空気がキリリとした幻想的な春の早朝、タートルクリーク(注1:美しい小川流れるダラス市内高級住宅地)にいつも漂う霧は、広大なこの街の中で最も「禅」に近いものと言えよう。霧 − 空中に浮遊する小さな水滴が、間もなく半透明の雲に変わる − それは、日本生まれでダラスを拠点とするアーティスト、原田佳奈の作品のようである。
特に「コットンキャンディーツリー(綿飴の木)」、「デュエット」、「トリオ」などの作品は、装飾芸術的な素晴らしさがある。それは空中を軽やかに滑る高度なまでに洗練された様式のシャンデリアのようであり − まさに水面の上にかかる静かに美しい霧である。個人的に目の前に体験するこうした原田の創り出すモビール(注2:吊るされた動く彫刻)は、強烈なインパクトと納得感を同時に与えてくれる。真っ白な画廊の壁に映し出されるこれら作品の影は、見る者を永遠にその場に立ち尽くさせるのだ。

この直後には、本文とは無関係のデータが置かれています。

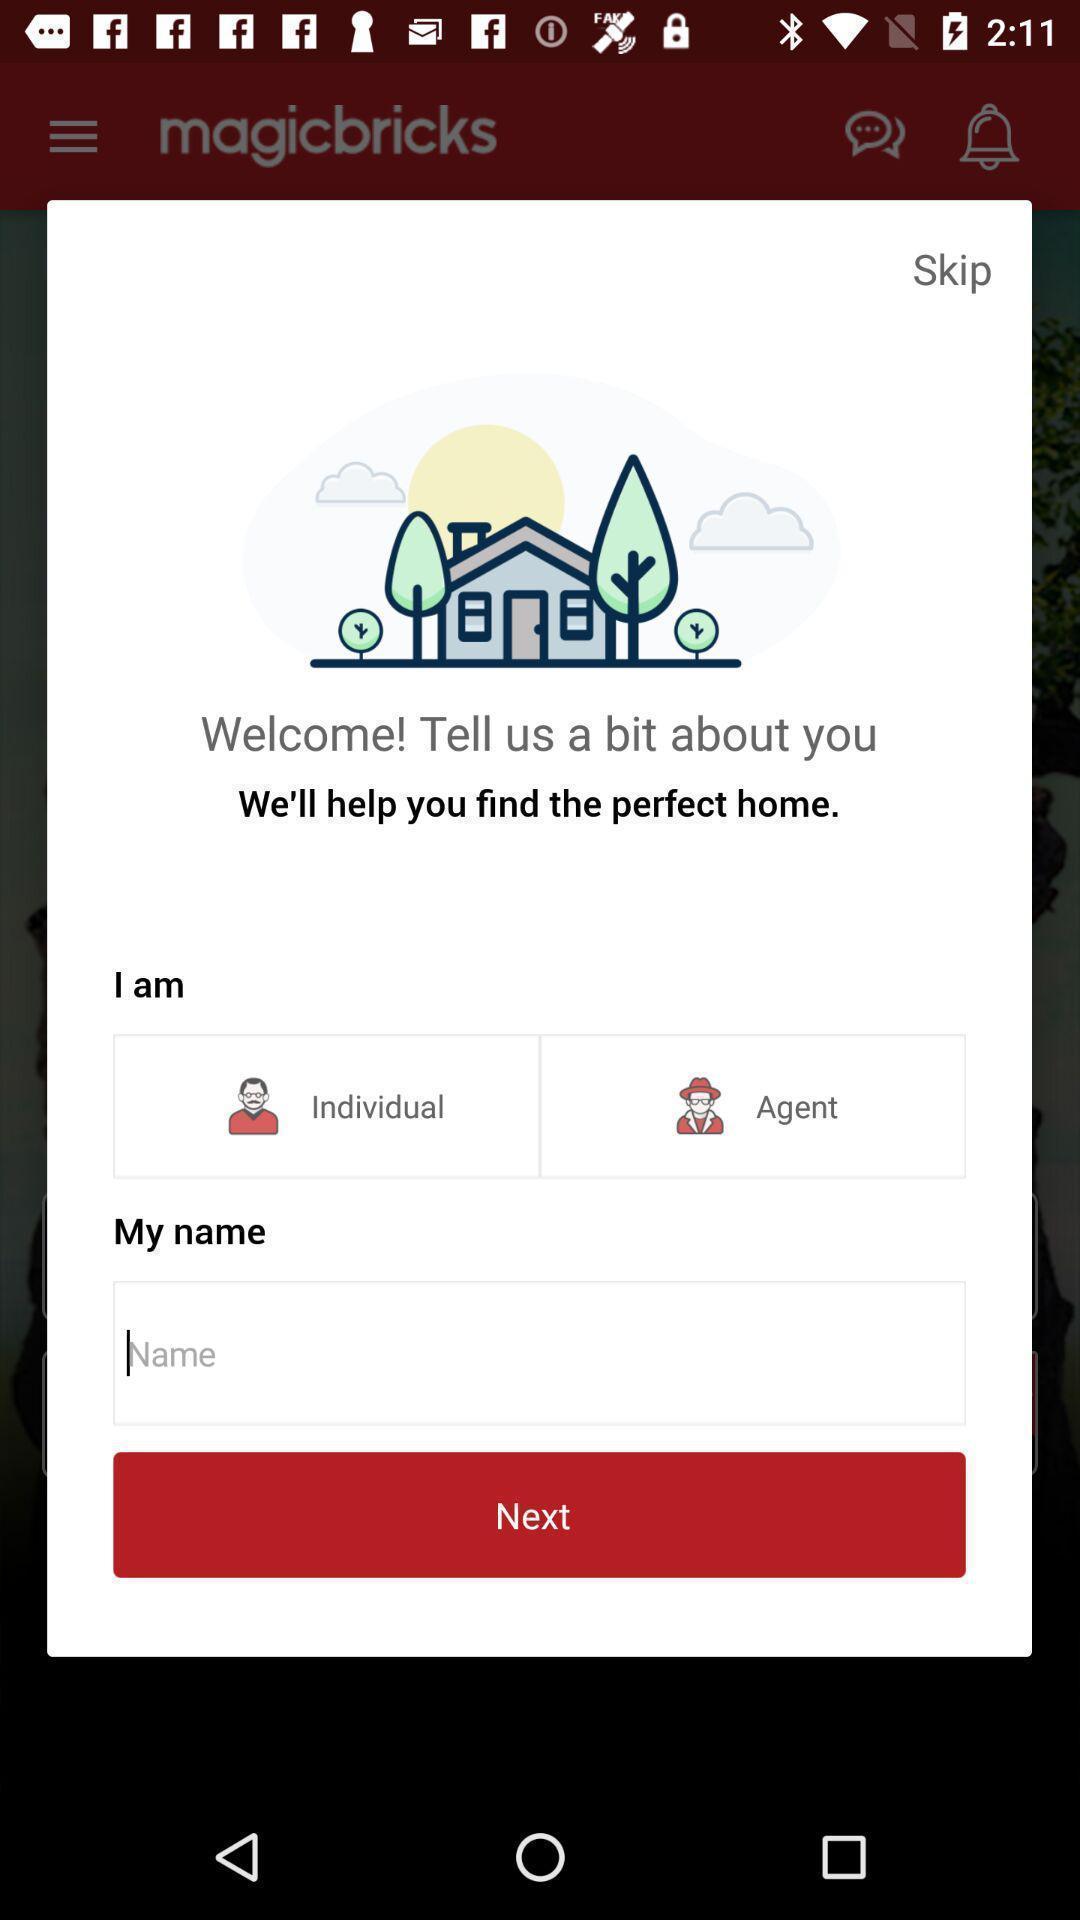What can you discern from this picture? Pop-up to enter personal information. 
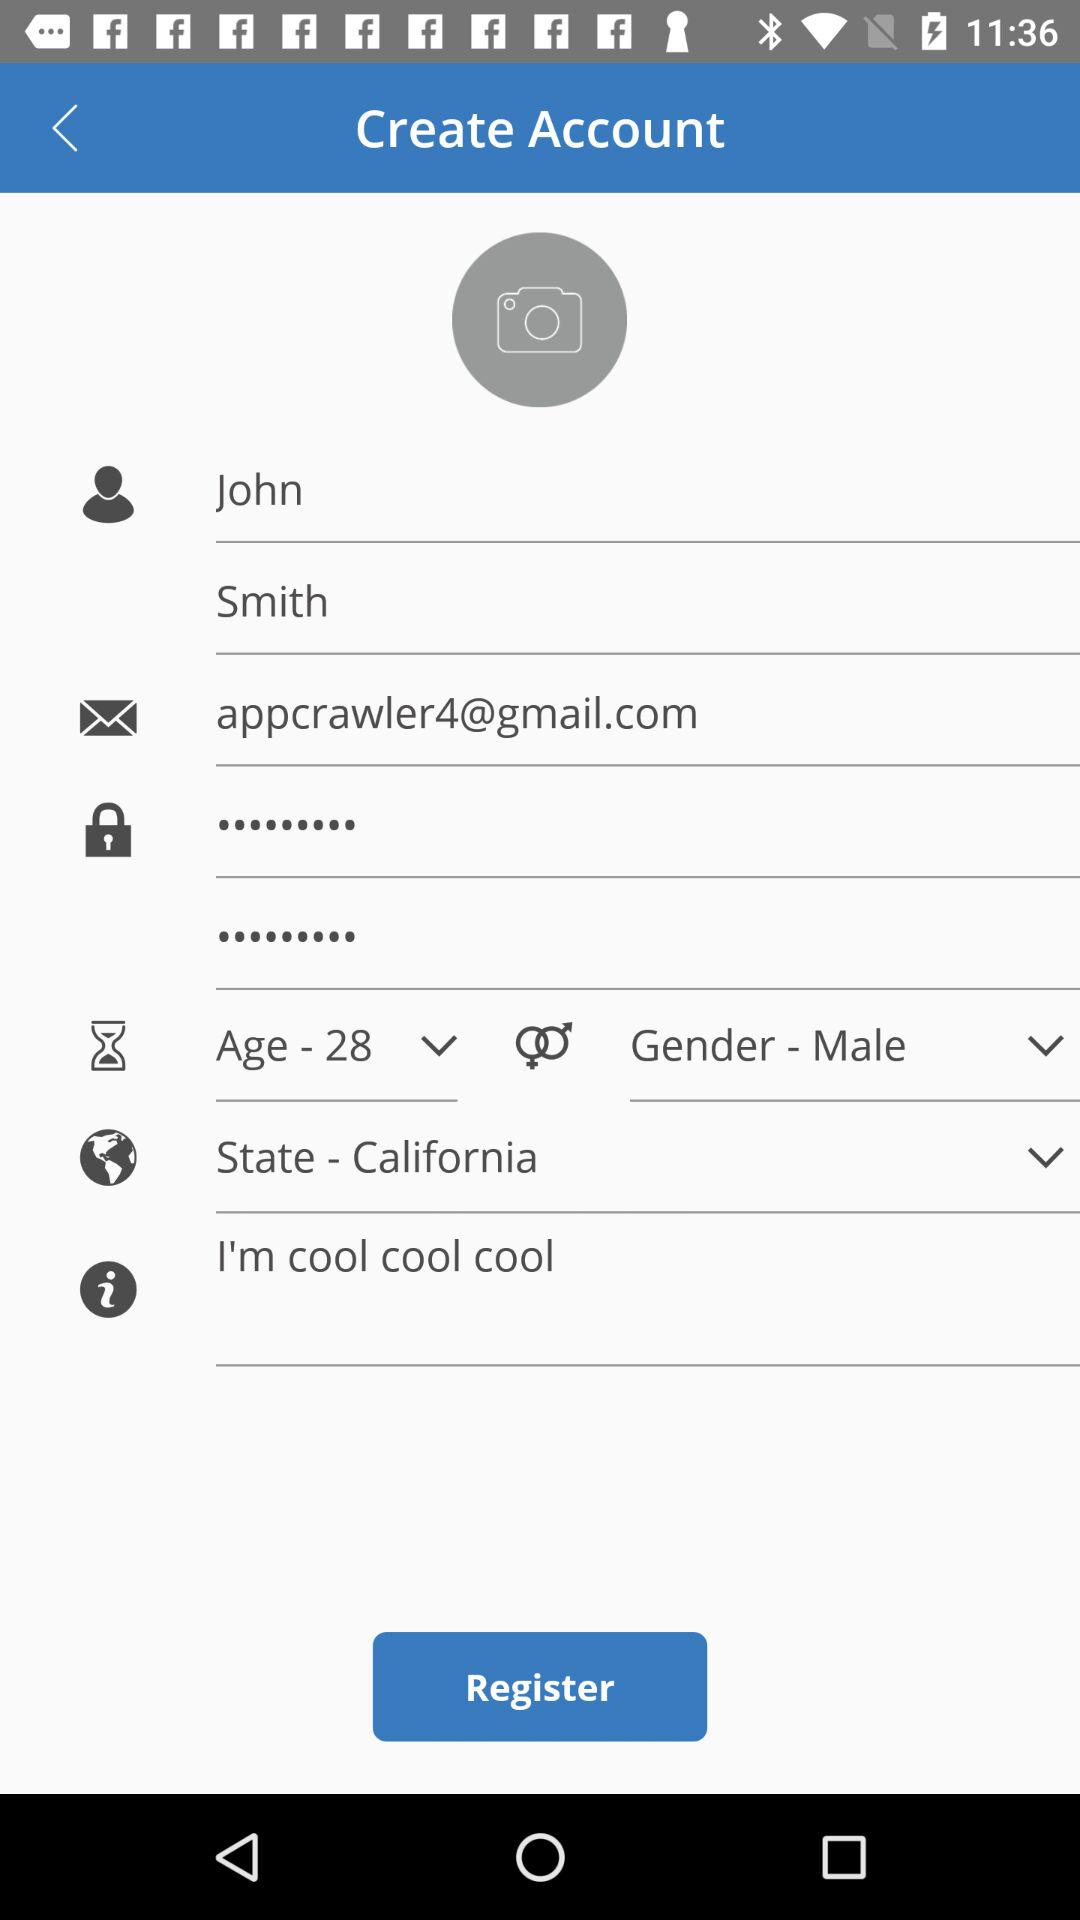What is the email address? The email address is appcrawler4@gmail.com.

原田のアトリエ兼住まいは、ダラスのダウンタウンのメインストリートにある趣のあるロフトだ。そこは Neiman Marcus(注3:ダラス本社の高級老舗デパート)とForty Five Ten(注4:ダラス本店のデザイナー・アートブティック)、そして Traffic LA(注5:老舗LAスタイルファッションのダラス店)が作り出すまさにファッションのバミューダトライアングルのド真ん中に位置する。これは「大都会の喧騒と急速な躍動感をエネルギー源とする創造豊かな芸術家」などという勝手な想像力を駆り立てる。が、原田の作品は都会の喧騒など何処へやら。ここはホッと一息つける止まり木、まったくの別世界、そんな要素が実に空想的、幻想的に表現されている世界なのである。
原田は、自分自身を”アートの修行僧、とでも言うんだろうか♪”と笑いながら説明する。そしてそのなんとも静かな”禅”的空気が溢れ漂う、どこか修道院的な仕事場兼住まいを、20数年来の夫、竹村誠氏と共有している。「彼は、ダウンタウンで暮らす事は100%私の決断だった、って♪」と彼女は言う。 「毎朝、私の”通勤”は寝室からアトリエへの数歩。だけど彼はテキサスインスツルメンツのオフィスまでの渋滞を毎日勇猛果敢に戦ってくれてるわけ!」と言う。この二人にとって、時間と歴史が醸し出す魅力を十分に味わうことのできるこの歴史的建造物に住むことは、環境として非常に重要な事であったと言う。原田はこのビルの過去の入居者達に想いを馳せながら、古い、良く言えば”歴史的な”建物に住むことには付き物の、不具合や癖や欠点までも楽しんでいるのだ。「床は所々歪んでいるし、9つある窓も、4つはうまく開かないはず。冬は寒く、夏は暑いけれど、それでも私はここが大好きなんですよね」と言う。
やはり原田の作品と、この空間を切り離すことは不可能だ。彼女の仕事場は、過度なまでに整理整頓されている。これは多くの芸術家を取り巻く雑然とした景色とは全く違い、むしろ精密機械のある実験室のようである。原田は様々な素材を使って制作をしているが、立体作品のほとんどは、あらゆる種類の紙、又はウレタンのようなフォームシートを使用している。彼女の”白シリーズ”は、マシュマロのような感触のフォームシートが非常に優美な軽やかさを生み出している。”黒シリーズ”は、一見硬い鉄製のような外観とは対照的に、モビールのしなやかさと素材の柔らかさが非常に興味深い。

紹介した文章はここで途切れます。